Roche is committed to offering diverse DLBCL treatment options, aligning with patient needs and healthcare system requirements. It is exploring Polivy in combination with innovative compounds, including bispecific antibodies. Ongoing trials include the phase III SUNMO study on the effectiveness and safety of subcutaneous Lunsumio (mosunetuzumab) with intravenous Polivy compared to intravenous MabThera/Rituxan and gemcitabine plus oxaliplatin (R-GemOx) in second-line DLBCL, and the phase III SKYGLO trial, which investigates Polivy with R-CHP and Columvi (glofitamab) against Polivy and R-CHP in initial DLBCL treatment.

The international POLARIX study [NCT03274492] is a phase III randomized, double-blind, placebo-controlled assessment of the efficacy and safety of Polivy (polatuzumab vedotin) with MabThera/Rituxan (rituximab), cyclophosphamide, doxorubicin and prednisone (R-CHP) compared to rituximab, cyclophosphamide, doxorubicin, vincristine and prednisone (R-CHOP) in individuals with untreated diffuse large B-cell lymphoma (DLBCL). Random assignments involved 879 patients receiving either Polivy plus R-CHP or Polivy-less R-CHOP, each for six cycles followed by two cycles of additional rituximab. The primary result measured was progression-free survival (PFS), a meaningful index for patients with untreated DLBCL as it signifies the premier therapeutic goal: reducing the possibility of disease worsening. Overall survival serves as a secondary endpoint in POLARIX.

DLBCL is the most prevalent non-Hodgkin lymphoma, representing a third of NHL variants. It is a fast-spreading form of NHL, responsive in initial treatments; however, up to 40% may relapse or develop refractory conditions, limiting treatment options and reducing survival. Exploring superior early-stage treatments offers hope for enhanced long-term patient outcomes, affecting an estimated 160,000 DLBCL diagnoses annually worldwide.

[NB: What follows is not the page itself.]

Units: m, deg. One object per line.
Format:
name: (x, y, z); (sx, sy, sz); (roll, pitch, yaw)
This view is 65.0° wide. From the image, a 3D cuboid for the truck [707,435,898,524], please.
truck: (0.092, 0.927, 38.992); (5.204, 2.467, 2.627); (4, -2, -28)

As a pioneering anti-CD79b antibody-drug conjugate (ADC), Polivy holds promise for NHLs with B-cell affinity, specifically targeting these cells and delivering anti-cancer agents while sparing healthy cells. Developed by Roche employing Pfizer ADC technology, Polivy is under investigation for multiple NHL applications.

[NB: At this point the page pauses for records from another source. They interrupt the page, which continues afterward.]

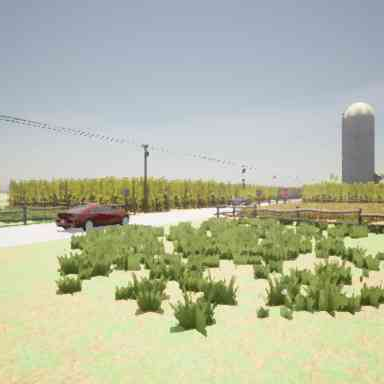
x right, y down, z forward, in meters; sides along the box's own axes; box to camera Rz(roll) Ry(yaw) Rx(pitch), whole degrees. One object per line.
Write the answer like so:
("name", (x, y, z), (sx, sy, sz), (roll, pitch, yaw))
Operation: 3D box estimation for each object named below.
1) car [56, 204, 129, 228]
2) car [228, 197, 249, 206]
("car", (-5.904, 1.485, 20.503), (1.882, 1.535, 5.008), (0, 0, 30))
("car", (6.835, 1.521, 48.945), (2.128, 1.511, 4.902), (0, 0, 30))
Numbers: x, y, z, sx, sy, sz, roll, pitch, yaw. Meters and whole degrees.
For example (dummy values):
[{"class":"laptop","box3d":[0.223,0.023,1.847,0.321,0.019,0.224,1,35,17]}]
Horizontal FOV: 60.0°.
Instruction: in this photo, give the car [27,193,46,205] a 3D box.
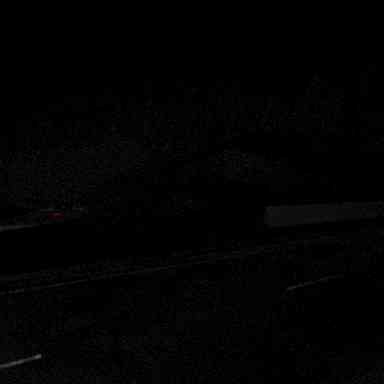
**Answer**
[{"class":"car","box3d":[-26.012,1.150,55.647,2.150,2.045,5.566,0,0,-35]}]

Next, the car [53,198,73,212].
[{"class":"car","box3d":[-14.923,1.461,38.455,1.812,1.442,4.674,0,0,-24]}]
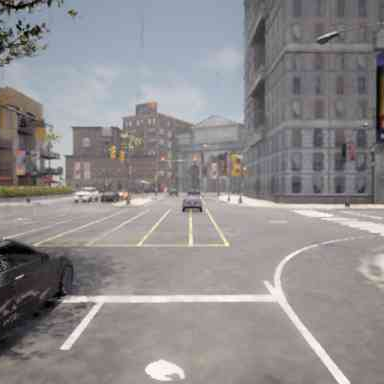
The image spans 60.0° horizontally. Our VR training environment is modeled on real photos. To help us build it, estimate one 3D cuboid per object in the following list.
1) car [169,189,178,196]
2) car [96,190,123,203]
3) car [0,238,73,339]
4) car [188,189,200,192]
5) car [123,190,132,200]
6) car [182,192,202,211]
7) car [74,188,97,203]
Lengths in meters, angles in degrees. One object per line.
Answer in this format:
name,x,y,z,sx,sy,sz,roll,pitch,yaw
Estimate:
car,-4.087,0.077,73.538,1.837,1.490,4.892,0,1,-9
car,-11.642,0.679,47.450,1.882,1.535,5.008,0,1,0
car,-3.432,1.436,5.213,1.812,1.442,4.674,0,1,-1
car,0.483,0.174,73.580,1.837,1.490,4.892,0,1,20
car,-11.670,0.400,56.582,2.097,1.767,4.553,0,1,0
car,0.024,1.017,31.422,2.033,1.411,5.357,0,1,0
car,-15.133,0.414,47.962,2.150,2.045,5.566,0,1,0
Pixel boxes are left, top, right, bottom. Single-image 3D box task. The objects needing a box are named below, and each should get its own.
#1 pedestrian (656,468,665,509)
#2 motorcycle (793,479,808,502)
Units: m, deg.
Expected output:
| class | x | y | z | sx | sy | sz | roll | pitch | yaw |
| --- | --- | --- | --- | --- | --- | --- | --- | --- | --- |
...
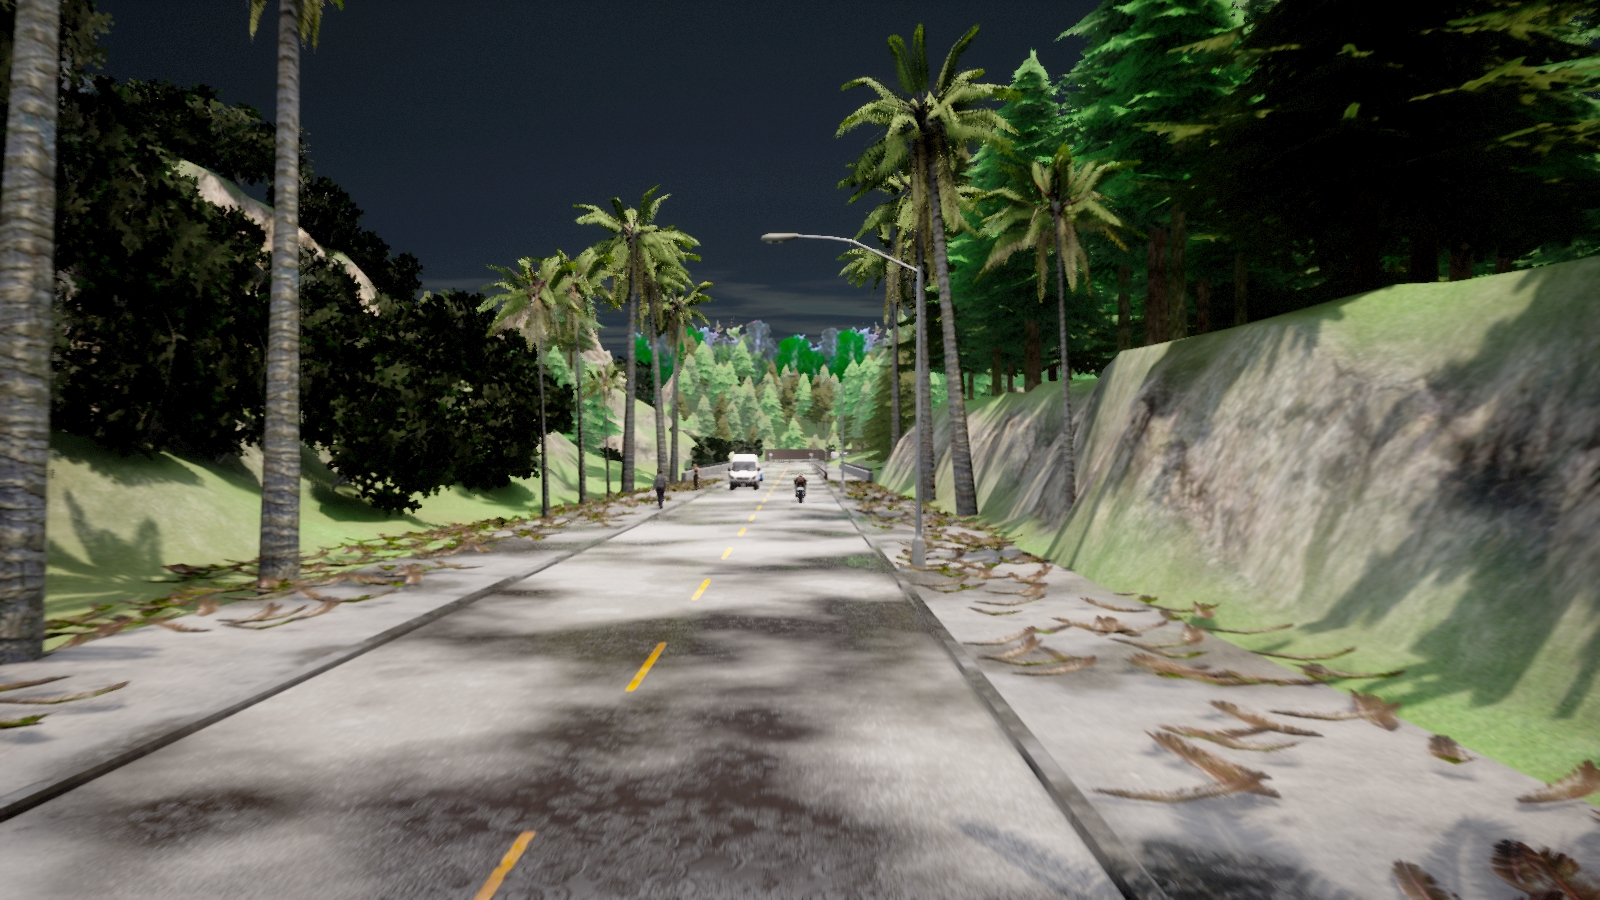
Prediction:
| class | x | y | z | sx | sy | sz | roll | pitch | yaw |
| --- | --- | --- | --- | --- | --- | --- | --- | --- | --- |
| pedestrian | -6.421 | 1.780 | 52.604 | 0.375 | 1.860 | 0.375 | 0 | 0 | -2 |
| motorcycle | 0.031 | 2.250 | 63.748 | 0.867 | 1.251 | 2.209 | 0 | 0 | 0 |
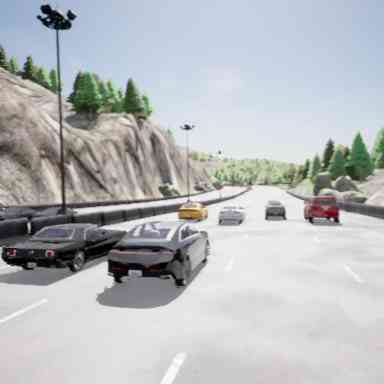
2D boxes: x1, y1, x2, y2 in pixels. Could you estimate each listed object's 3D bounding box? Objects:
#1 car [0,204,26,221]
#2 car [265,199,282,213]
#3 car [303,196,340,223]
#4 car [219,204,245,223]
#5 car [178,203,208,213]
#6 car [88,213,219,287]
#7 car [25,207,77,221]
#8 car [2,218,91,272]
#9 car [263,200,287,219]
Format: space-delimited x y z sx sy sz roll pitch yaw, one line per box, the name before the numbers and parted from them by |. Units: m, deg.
car | -14.724 1.951 27.833 1.994 1.385 4.181 -1 -1 13
car | 10.182 1.742 41.731 1.882 1.535 5.008 -1 0 13
car | 10.412 1.355 26.997 2.150 2.045 5.566 -1 -1 13
car | 3.276 1.731 27.172 1.812 1.442 4.674 -1 -1 13
car | 0.159 1.732 29.251 1.882 1.535 5.008 -1 -1 13
car | -0.709 1.584 9.685 2.128 1.511 4.902 -1 -1 13
car | -11.223 1.914 27.443 1.994 1.385 4.181 -1 -1 13
car | -3.916 1.739 11.358 1.895 1.301 4.718 -1 -1 13
car | 7.695 1.686 30.813 2.128 1.511 4.902 -1 0 13
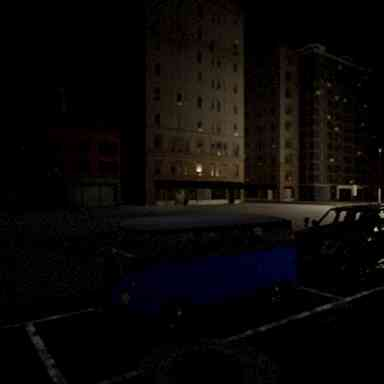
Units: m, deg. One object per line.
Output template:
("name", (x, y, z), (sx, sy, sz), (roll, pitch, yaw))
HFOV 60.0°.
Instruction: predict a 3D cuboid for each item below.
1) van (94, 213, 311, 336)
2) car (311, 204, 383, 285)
("van", (0.280, 1.340, 6.389), (3.998, 1.788, 1.690), (0, 0, -36))
("car", (4.904, 1.313, 9.687), (5.009, 1.841, 2.192), (0, 0, -36))

Roche brings over 25 years of experience in hematological research, drawing upon an extensive portfolio of approved treatments including MabThera/Rituxan, Gazyva/Gazyvaro (obinutuzumab), Polivy, and others, while investing further to innovate patient care in this field. Its research pipeline features various investigational possibilities, offering unique combined regimens aimed at improved patient futures.